ICON_FILE = 'empty.png'

def attach_icon_via_pillow(win_handle, icon_path):
    from PIL import Image
    picture = Image.open(icon_path)
    glfw.set_window_icon(win_handle, 1, [picture])

def attach_icon_via_cv2(win_handle, icon_path):
    img_cv = cv2.imread(icon_path, cv2.IMREAD_UNCHANGED)
    img_cv = cv2.cvtColor(img_cv, cv2.COLOR_BGR2RGB)  # convert from BGR to RGB

    if img_cv is None:
        return False

    hh, ww = img_cv.shape[:2]

    if img_cv.shape[2] == 3:
        alpha_chan = numpy.ones((hh, ww, 1), dtype=numpy.uint8) * 255
        img_cv = numpy.concatenate((img_cv, alpha_chan), axis=2)

    img_cv = img_cv.astype(numpy.uint8)
    glfw_image = (ww, hh, img_cv)  # 3D array, not flattened
    glfw.set_window_icon(win_handle, 1, [glfw_image])


def demo():
    if not glfw.init():
        return

    win = glfw.create_window(640, 480, "Hello World", None, None)
    if not win:
        glfw.terminate()
        return

    attach_icon_via_cv2(win, ICON_FILE)
    # attach_icon_via_pillow(win, ICON_FILE)

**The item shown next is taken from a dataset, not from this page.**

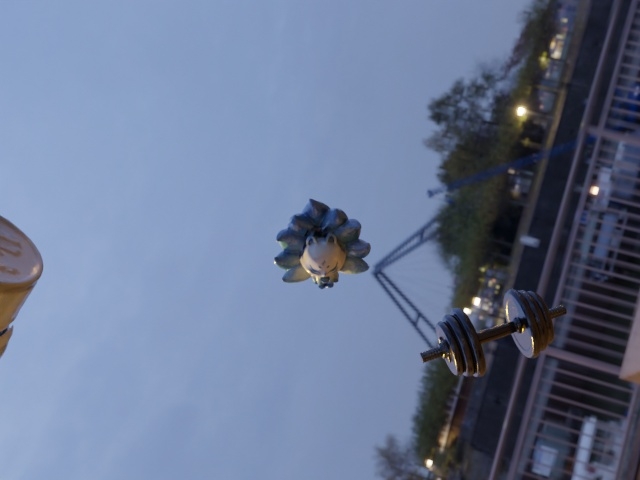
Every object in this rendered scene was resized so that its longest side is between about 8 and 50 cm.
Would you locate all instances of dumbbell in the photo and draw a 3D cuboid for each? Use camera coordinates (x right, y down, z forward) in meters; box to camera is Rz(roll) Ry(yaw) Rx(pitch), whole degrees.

    glfw.make_context_current(win)

    while not glfw.window_should_close(win):
        glfw.swap_buffers(win)
        glfw.poll_events()

    glfw.terminate()

if __name__ == '__main__':
    demo()

Why this matters

pyGLFW’s API supports two distinct icon input forms: a PIL Image or a tuple of width, height, and a 3D RGBA array. Passing a flattened buffer breaks the expected pixels[i][j][k] access, which results in the TypeError you saw. Understanding this contract saves time on debugging and makes the fix straightforward. When documentation is sparse, reading the small but clear sections of library source helps reveal exactly what shape and type the function expects. Including full error traces also shortens the feedback loop, because the failing line often points directly at the mismatch.

Takeaways

Keep the pixel data as a H x W x 4 array when using OpenCV and add an alpha channel if it’s missing. Do not flatten the buffer. If you prefer the simplest path, pass a PIL Image and let pyGLFW convert it to RGBA internally. And when you get stuck or can’t find Python-specific documentation, inspect the library’s source and share the complete error message—the line and context usually reveal the exact shape the function expects.